Me he quedado encantado con esta ciudad. Alguien me dice que es una ciudad de estudiantes… ¡Puede ser! Yo no he visto estudiantes en ninguna parte, sino gente pacífica, tranquila, que en los cafés hacen rueda desde temprano, como si su ocupación fuera balconear la vida y a los pájaros que picotean sus sombras en las veredas.
El Espectáculo.
Le inquiero al boletero del tranvía la dirección de una calle, e inmediatamente un bombero, una señora anciana, un caballero mulato, el motorman, un cabo de vigilantes y un vigilante, espontáneamente, se ofrecen a darme cuánto dato pido. Me quedo asombrado al comparar, instintivamente, la grosería porteña con la amabilidad de esta gente.

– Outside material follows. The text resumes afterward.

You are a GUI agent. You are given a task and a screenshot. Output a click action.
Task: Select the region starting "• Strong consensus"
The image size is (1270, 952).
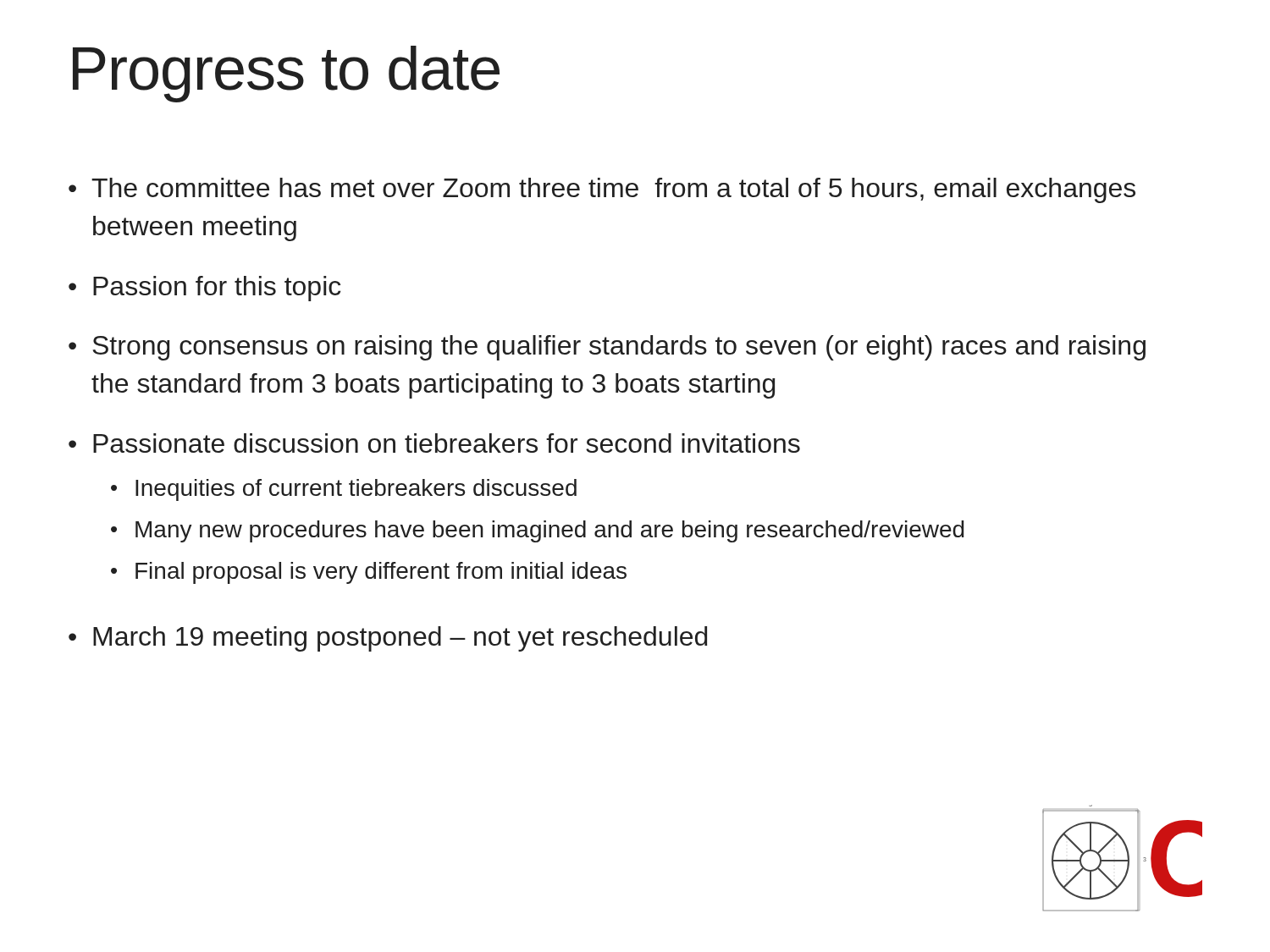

¿De dónde ha sacado la compañía de tranvías de La Plata personal tan adecuado? Yo no lo sé ni puedo explicármelo. ¡Si casi le piden disculpas a uno por cobrarle el boleto! El tranvía para mitad de cuadra, para dejar subir a una anciana que desde la distancia se agita como semáforo. Yo miro en rededor y un caballero anciano también, de barbas plateadas, me dice, con un orgullo me explicó ampliamente:
– Aquí, señor, no han podido prosperar los ómnibus.
– Ni prosperarán – dice otro que parece ser un “ave negra” cordial y espontánea.
Yo me agarro la cabeza. ¿Será posible encontrar gente tan civilizada, tan culta, a sesenta minutos de la Capital?
Entro a un almacén y pido hablar por teléfono. El hombre almacenero, me busca la dirección en la guía.
Salgo y recorro las calles.
Una limpieza especial, una limpieza de casa holandesa prima en todas partes. Los comerciantes estudian astronomía desde sus mostradores. Otros se pasean con las manos atrás, frente a los letreros de sus tiendas y miran a los letreros cómo si los letreros tuvieran santas leyendas. El Sol cae abundante y beneficioso sobre sus amplias espaldas. El silencio llueve sobre las plazas adornadas como para un día de fiesta. No se ven atorrantes ni para remedio.
Cafés y Vigilantes.
Los cafés están repletos de gente que hacen filosofía al margen de una tacita de achicoria. Los mozos parecen conocer a todo el mundo, porque veo que la gente se levanta de las mesas sin pagar, y en vez de ocurrir una tragedia cómo ocurriría en esta ciudad de filisteos, el mozo exclama:
– ¡Hasta luego, don Joaquín, o hasta luego Noy!
Y eso es todo.
Tigero, el compañero Tigero que me acompaña en esta excursión, me dice:
– Fijese en el vigilante que ha parado a aquél automóvil.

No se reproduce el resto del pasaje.